Terminus is solid for speed - not 1000tk/s or anything but I’m never waiting for it. I don’t use kimi at all.

Nano def has broader model support, but also backends to chutes for a lot of stuff so it’s spotty and the tool calling isn’t great.

Synthetic really spends a ton of time getting a few models right.

#

I’m a bit unique in that I still have more kilo credits than I know what to do with, but once those run out I think the majority of my spend will be with Synthetic on GLM and Terminus, and occasional spend with requesty or openrouter for the enlarger SOTA models like codex or Claude

#

They also have a super active discord with the founders

raw pawn Oct 15, 2025, 11:48 AM

#

shell lava <@510124337731469319> I’m pretty pleased with Synthetic. Super responsive tea...

Where does Terminus fit into your workflow? Docs?

shell lava Oct 15, 2025, 2:38 PM

#

raw pawn Where does Terminus fit into your workflow? Docs?

Code generation.

raw pawn Oct 15, 2025, 3:06 PM

#

shell lava Code generation.

Oh interesting, pretty good code gen model? I've yet to use it. Need to do some testing on things other than Qwen, maybe I'll check out Terminus.

shell lava Oct 15, 2025, 3:10 PM

#

It’s pretty solid.
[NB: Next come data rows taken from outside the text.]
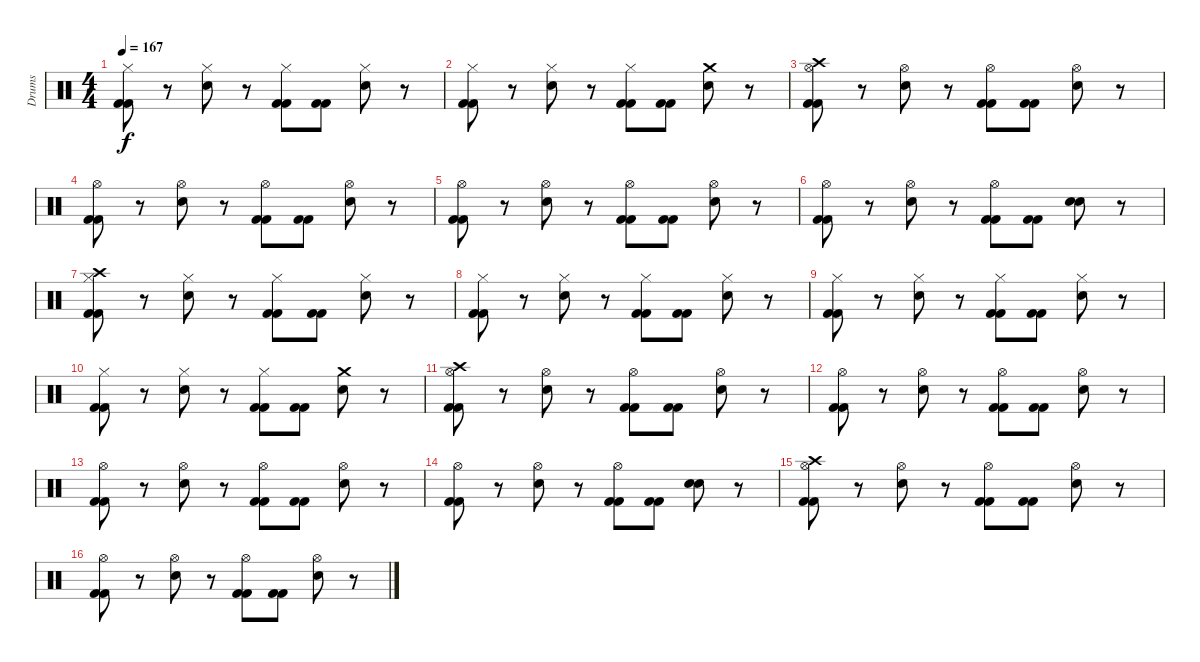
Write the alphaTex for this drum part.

\track ("Drums" "Drums") {instrument percussion}
\staff {score}
\articulation defaults
\ts (4 4)
\tempo 167
\clef neutral
\ks c
("Hi-Hat (closed)" "Kick (hit) 2" "Kick (hit) 2").8{dy f} r.8 ("Hi-Hat (closed)" "Electric Snare (hit)").8 r.8 ("Hi-Hat (closed)" "Kick (hit) 2" "Kick (hit) 2").8 ("Kick (hit) 2" "Kick (hit) 2").8 ("Hi-Hat (closed)" "Electric Snare (hit)").8 r.8 |
("Hi-Hat (closed)" "Kick (hit) 2" "Kick (hit) 2").8 r.8 ("Hi-Hat (closed)" "Electric Snare (hit)").8 r.8 ("Hi-Hat (closed)" "Kick (hit) 2" "Kick (hit) 2").8 ("Kick (hit) 2" "Kick (hit) 2").8 ("Crash medium (hit)" "Electric Snare (hit)").8 r.8 |
("Crash high (hit)" "Hi-Hat (open)" "Kick (hit) 2" "Kick (hit) 2").8 r.8 ("Hi-Hat (open)" "Electric Snare (hit)").8 r.8 ("Hi-Hat (open)" "Kick (hit) 2" "Kick (hit) 2").8 ("Kick (hit) 2" "Kick (hit) 2").8 ("Hi-Hat (open)" "Electric Snare (hit)").8 r.8 |
("Hi-Hat (open)" "Kick (hit) 2" "Kick (hit) 2").8 r.8 ("Hi-Hat (open)" "Electric Snare (hit)").8 r.8 ("Hi-Hat (open)" "Kick (hit) 2" "Kick (hit) 2").8 ("Kick (hit) 2" "Kick (hit) 2").8 ("Hi-Hat (open)" "Electric Snare (hit)").8 r.8 |
("Hi-Hat (open)" "Kick (hit) 2" "Kick (hit) 2").8 r.8 ("Hi-Hat (open)" "Electric Snare (hit)").8 r.8 ("Hi-Hat (open)" "Kick (hit) 2" "Kick (hit) 2").8 ("Kick (hit) 2" "Kick (hit) 2").8 ("Hi-Hat (open)" "Electric Snare (hit)").8 r.8 |
("Hi-Hat (open)" "Kick (hit) 2" "Kick (hit) 2").8 r.8 ("Hi-Hat (open)" "Electric Snare (hit)").8 r.8 ("Hi-Hat (open)" "Kick (hit) 2" "Kick (hit) 2").8 ("Kick (hit) 2" "Kick (hit) 2").8 ("Electric Snare (hit)" "Electric Snare (hit)").8 r.8 |
("Crash high (hit)" "Hi-Hat (closed)" "Kick (hit) 2" "Kick (hit) 2").8 r.8 ("Hi-Hat (closed)" "Electric Snare (hit)").8 r.8 ("Hi-Hat (closed)" "Kick (hit) 2" "Kick (hit) 2").8 ("Kick (hit) 2" "Kick (hit) 2").8 ("Hi-Hat (closed)" "Electric Snare (hit)").8 r.8 |
("Hi-Hat (closed)" "Kick (hit) 2" "Kick (hit) 2").8 r.8 ("Hi-Hat (closed)" "Electric Snare (hit)").8 r.8 ("Hi-Hat (closed)" "Kick (hit) 2" "Kick (hit) 2").8 ("Kick (hit) 2" "Kick (hit) 2").8 ("Hi-Hat (closed)" "Electric Snare (hit)").8 r.8 |
("Hi-Hat (closed)" "Kick (hit) 2" "Kick (hit) 2").8 r.8 ("Hi-Hat (closed)" "Electric Snare (hit)").8 r.8 ("Hi-Hat (closed)" "Kick (hit) 2" "Kick (hit) 2").8 ("Kick (hit) 2" "Kick (hit) 2").8 ("Hi-Hat (closed)" "Electric Snare (hit)").8 r.8 |
("Hi-Hat (closed)" "Kick (hit) 2" "Kick (hit) 2").8 r.8 ("Hi-Hat (closed)" "Electric Snare (hit)").8 r.8 ("Hi-Hat (closed)" "Kick (hit) 2" "Kick (hit) 2").8 ("Kick (hit) 2" "Kick (hit) 2").8 ("Crash medium (hit)" "Electric Snare (hit)").8 r.8 |
("Crash high (hit)" "Hi-Hat (open)" "Kick (hit) 2" "Kick (hit) 2").8 r.8 ("Hi-Hat (open)" "Electric Snare (hit)").8 r.8 ("Hi-Hat (open)" "Kick (hit) 2" "Kick (hit) 2").8 ("Kick (hit) 2" "Kick (hit) 2").8 ("Hi-Hat (open)" "Electric Snare (hit)").8 r.8 |
("Hi-Hat (open)" "Kick (hit) 2" "Kick (hit) 2").8 r.8 ("Hi-Hat (open)" "Electric Snare (hit)").8 r.8 ("Hi-Hat (open)" "Kick (hit) 2" "Kick (hit) 2").8 ("Kick (hit) 2" "Kick (hit) 2").8 ("Hi-Hat (open)" "Electric Snare (hit)").8 r.8 |
("Hi-Hat (open)" "Kick (hit) 2" "Kick (hit) 2").8 r.8 ("Hi-Hat (open)" "Electric Snare (hit)").8 r.8 ("Hi-Hat (open)" "Kick (hit) 2" "Kick (hit) 2").8 ("Kick (hit) 2" "Kick (hit) 2").8 ("Hi-Hat (open)" "Electric Snare (hit)").8 r.8 |
("Hi-Hat (open)" "Kick (hit) 2" "Kick (hit) 2").8 r.8 ("Hi-Hat (open)" "Electric Snare (hit)").8 r.8 ("Hi-Hat (open)" "Kick (hit) 2" "Kick (hit) 2").8 ("Kick (hit) 2" "Kick (hit) 2").8 ("Electric Snare (hit)" "Electric Snare (hit)").8{bd 120} r.8 |
("Crash high (hit)" "Hi-Hat (open)" "Kick (hit) 2" "Kick (hit) 2").8 r.8 ("Hi-Hat (open)" "Electric Snare (hit)").8 r.8 ("Hi-Hat (open)" "Kick (hit) 2" "Kick (hit) 2").8 ("Kick (hit) 2" "Kick (hit) 2").8 ("Hi-Hat (open)" "Electric Snare (hit)").8 r.8 |
("Hi-Hat (open)" "Kick (hit) 2" "Kick (hit) 2").8 r.8 ("Hi-Hat (open)" "Electric Snare (hit)").8 r.8 ("Hi-Hat (open)" "Kick (hit) 2" "Kick (hit) 2").8 ("Kick (hit) 2" "Kick (hit) 2").8 ("Hi-Hat (open)" "Electric Snare (hit)").8 r.8

I want to do some work with 3.2 next

shell lava Nov 12, 2025, 1:31 AM

#

Good news! The Synthetic team just pushed a fix to help them recognize Kilo tool calls the same as they do for Claude Code.

So now if you have JSON tool calling enabled with synthetic, your typed request in a sequence counts for 1, but all the tool calls initiated by Kilo count for 0.05 (like they do for Claude Code).
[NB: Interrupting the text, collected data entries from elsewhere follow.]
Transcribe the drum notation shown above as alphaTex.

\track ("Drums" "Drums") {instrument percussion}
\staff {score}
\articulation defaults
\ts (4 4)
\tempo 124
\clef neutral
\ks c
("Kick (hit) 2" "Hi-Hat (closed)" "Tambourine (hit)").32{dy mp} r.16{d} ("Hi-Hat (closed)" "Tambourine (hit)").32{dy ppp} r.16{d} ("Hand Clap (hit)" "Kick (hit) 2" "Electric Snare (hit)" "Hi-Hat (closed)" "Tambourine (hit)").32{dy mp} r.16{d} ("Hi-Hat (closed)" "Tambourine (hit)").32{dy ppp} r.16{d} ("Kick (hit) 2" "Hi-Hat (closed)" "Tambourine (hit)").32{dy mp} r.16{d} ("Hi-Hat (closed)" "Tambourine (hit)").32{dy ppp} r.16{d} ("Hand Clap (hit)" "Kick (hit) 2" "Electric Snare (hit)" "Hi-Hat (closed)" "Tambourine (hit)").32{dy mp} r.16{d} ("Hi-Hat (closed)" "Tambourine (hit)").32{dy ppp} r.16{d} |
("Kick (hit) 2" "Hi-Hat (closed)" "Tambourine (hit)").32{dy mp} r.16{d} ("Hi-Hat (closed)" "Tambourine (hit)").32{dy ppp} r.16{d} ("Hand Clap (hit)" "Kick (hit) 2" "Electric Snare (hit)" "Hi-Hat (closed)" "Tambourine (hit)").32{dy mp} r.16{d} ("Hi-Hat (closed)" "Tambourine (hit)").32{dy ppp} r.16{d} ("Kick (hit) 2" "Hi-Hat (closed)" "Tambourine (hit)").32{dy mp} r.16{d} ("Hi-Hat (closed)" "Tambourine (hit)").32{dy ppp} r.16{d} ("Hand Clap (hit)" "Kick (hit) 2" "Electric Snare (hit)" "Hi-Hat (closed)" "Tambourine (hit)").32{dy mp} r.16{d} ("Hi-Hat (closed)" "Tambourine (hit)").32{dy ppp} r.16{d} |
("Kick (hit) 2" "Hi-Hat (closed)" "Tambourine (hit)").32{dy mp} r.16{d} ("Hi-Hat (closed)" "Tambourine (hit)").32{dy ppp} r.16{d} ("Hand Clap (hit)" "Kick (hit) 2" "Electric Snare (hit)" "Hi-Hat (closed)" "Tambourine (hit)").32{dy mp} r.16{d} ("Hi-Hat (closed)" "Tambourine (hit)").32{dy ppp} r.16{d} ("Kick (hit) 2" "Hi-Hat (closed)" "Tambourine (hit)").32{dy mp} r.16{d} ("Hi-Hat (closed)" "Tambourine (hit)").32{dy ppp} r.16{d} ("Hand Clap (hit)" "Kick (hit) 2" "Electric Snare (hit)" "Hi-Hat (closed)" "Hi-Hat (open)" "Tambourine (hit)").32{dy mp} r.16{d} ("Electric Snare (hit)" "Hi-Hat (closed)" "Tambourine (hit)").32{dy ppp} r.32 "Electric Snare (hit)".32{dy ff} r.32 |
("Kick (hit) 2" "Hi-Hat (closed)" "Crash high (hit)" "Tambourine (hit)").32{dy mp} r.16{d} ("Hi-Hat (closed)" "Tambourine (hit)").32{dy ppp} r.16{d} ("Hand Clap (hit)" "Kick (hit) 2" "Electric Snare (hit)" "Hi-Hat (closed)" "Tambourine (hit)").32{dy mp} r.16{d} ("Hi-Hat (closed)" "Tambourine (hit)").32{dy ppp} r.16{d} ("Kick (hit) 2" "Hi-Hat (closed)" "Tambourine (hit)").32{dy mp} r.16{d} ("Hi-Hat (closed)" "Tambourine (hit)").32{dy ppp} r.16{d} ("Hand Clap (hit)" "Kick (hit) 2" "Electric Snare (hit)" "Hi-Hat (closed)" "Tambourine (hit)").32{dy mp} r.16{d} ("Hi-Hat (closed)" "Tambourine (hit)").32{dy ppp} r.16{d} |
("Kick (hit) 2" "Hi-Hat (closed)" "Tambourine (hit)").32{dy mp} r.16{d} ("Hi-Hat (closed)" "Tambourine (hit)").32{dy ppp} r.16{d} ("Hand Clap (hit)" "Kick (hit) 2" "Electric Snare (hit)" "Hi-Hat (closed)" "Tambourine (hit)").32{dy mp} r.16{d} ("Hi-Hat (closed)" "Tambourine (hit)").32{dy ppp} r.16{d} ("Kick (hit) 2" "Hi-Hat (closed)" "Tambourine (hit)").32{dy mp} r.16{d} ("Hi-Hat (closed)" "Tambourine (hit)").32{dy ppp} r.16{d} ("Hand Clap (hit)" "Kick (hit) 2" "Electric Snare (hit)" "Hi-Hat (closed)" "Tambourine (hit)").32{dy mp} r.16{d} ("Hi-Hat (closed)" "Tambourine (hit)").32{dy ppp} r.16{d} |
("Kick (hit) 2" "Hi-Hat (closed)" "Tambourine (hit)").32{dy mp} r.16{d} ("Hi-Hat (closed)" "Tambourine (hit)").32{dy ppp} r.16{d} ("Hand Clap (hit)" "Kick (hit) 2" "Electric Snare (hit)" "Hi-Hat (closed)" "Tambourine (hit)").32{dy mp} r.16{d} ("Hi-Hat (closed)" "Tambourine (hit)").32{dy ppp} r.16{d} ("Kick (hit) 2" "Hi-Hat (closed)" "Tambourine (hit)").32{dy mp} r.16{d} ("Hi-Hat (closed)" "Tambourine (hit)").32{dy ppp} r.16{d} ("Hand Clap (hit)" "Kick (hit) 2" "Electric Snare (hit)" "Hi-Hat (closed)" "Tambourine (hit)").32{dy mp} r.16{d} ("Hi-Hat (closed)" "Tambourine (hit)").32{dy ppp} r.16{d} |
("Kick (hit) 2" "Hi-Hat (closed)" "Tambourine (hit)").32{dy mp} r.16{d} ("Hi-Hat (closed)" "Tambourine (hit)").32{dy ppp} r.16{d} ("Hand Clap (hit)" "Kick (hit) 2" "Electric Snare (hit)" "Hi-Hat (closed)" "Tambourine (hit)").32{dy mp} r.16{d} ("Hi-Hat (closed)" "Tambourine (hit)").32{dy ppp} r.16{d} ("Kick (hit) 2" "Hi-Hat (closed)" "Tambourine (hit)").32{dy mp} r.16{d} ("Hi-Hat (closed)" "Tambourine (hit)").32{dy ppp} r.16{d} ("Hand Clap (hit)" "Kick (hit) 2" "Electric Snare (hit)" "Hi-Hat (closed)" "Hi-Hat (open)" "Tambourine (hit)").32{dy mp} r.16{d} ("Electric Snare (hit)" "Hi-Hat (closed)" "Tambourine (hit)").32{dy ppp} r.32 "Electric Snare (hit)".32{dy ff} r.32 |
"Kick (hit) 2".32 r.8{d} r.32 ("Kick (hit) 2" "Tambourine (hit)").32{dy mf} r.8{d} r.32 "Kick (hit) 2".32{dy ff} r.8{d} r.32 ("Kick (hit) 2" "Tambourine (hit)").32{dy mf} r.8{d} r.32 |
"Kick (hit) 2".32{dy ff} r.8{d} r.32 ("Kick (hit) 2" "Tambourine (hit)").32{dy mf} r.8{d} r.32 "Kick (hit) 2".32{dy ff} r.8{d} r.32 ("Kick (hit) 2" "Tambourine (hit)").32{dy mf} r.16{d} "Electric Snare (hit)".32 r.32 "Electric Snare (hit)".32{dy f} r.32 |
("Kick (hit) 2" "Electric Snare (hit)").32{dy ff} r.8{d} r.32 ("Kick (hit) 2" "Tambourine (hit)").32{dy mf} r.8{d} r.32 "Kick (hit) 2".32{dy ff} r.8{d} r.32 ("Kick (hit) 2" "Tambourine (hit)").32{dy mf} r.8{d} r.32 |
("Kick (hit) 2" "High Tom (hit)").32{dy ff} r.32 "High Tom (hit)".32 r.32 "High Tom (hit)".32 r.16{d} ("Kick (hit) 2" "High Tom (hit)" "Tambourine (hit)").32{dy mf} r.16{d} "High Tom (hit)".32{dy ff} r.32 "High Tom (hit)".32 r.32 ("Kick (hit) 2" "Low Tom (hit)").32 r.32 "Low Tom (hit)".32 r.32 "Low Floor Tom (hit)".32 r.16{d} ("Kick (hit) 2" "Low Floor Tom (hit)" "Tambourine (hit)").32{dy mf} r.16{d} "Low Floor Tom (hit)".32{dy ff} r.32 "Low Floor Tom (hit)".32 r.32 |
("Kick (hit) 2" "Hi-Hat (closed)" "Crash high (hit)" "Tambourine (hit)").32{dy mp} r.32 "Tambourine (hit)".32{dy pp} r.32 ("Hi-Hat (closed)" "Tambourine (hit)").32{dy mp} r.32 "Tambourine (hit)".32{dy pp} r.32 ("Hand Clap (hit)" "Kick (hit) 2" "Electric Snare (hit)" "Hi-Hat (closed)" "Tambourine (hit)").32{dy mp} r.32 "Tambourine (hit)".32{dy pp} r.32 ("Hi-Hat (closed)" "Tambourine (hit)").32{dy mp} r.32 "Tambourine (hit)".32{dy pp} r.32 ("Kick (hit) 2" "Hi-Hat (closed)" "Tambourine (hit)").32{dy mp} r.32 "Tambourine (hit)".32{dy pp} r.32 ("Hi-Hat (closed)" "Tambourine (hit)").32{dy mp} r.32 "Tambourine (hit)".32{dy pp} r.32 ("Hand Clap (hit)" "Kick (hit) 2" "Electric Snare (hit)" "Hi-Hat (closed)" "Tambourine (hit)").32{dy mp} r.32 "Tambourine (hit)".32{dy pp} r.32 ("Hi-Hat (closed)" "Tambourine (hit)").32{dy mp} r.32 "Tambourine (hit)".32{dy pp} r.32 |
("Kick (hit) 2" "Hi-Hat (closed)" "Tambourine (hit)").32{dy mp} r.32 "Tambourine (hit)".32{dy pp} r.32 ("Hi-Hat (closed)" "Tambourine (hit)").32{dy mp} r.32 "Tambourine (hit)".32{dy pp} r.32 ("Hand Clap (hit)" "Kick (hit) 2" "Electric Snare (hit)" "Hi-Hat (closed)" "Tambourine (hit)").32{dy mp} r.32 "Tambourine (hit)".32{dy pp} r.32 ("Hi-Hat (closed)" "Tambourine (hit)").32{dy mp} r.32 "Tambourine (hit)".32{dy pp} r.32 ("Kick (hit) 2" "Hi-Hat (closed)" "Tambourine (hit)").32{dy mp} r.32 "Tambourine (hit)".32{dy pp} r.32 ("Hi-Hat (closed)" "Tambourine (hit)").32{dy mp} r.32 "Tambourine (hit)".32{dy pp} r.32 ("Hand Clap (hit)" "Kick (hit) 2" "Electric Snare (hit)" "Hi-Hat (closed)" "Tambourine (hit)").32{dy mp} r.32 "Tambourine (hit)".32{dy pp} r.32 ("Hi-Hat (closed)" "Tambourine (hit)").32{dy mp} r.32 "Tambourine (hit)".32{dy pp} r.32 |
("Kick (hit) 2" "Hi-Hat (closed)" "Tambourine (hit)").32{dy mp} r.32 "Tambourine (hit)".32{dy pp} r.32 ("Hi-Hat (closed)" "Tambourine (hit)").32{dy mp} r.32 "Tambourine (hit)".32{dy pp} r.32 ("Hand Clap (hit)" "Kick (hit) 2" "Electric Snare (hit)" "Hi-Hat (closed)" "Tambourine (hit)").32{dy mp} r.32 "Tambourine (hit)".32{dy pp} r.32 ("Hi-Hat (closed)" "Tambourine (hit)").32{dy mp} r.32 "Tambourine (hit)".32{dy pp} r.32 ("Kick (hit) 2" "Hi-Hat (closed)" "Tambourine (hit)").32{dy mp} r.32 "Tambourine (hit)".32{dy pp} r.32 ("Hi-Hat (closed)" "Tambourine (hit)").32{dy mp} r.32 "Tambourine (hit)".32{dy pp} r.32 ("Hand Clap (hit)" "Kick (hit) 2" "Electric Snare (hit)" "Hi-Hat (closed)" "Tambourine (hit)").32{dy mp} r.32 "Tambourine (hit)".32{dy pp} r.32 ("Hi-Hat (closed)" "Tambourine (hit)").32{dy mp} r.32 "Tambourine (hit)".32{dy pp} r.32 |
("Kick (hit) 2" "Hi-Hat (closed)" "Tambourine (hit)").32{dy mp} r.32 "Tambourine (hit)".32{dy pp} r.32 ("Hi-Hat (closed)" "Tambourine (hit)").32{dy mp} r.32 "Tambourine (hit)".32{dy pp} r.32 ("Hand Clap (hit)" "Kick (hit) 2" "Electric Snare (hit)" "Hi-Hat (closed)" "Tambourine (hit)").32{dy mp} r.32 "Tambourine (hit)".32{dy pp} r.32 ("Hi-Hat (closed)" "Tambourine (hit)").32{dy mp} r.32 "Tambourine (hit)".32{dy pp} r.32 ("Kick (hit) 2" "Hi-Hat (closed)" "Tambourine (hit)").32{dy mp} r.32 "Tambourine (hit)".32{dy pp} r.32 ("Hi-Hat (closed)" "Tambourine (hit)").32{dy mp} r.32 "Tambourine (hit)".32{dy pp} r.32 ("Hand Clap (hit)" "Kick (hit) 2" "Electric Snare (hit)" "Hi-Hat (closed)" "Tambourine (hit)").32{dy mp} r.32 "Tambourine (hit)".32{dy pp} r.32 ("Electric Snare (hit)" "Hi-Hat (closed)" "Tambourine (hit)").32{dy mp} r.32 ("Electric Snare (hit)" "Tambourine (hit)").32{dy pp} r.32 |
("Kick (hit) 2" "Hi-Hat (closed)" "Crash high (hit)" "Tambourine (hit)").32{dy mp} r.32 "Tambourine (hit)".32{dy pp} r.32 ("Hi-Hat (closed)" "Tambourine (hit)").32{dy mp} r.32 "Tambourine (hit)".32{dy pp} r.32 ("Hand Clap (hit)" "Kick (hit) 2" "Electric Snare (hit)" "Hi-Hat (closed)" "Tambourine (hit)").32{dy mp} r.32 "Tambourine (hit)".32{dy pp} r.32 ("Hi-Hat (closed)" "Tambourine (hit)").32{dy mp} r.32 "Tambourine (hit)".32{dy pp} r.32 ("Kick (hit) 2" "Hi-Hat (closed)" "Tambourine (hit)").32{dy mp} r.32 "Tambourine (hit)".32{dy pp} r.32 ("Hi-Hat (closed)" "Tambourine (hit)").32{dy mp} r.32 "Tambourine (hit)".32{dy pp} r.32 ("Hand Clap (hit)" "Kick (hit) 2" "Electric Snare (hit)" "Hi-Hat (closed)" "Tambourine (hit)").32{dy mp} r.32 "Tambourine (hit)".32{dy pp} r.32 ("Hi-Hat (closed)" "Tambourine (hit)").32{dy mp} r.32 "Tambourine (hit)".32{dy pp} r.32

If you have good cohesive prompts that allow the model to work independently, this change will likely make your subscription go 5-10x further for the same workload

golden harness Nov 13, 2025, 4:04 AM

#

shell lava Good news! The Synthetic team just pushed a fix to help them recognize Kilo tool...

that's pretty sweet. i wanted a few more requests than synthetic offered, was getting tired of chutes inconsistency, and this may give me the cushion that i need to prevent needing more individual requests.

shell lava Nov 13, 2025, 4:06 AM

#

I implemented this today: https://github.com/mcowger/priceServer/blob/main/prices.py

was ~30 requests in total.

GitHub

priceServer/prices.py at main · mcowger/priceServer

Contribute to mcowger/priceServer development by creating an account on GitHub.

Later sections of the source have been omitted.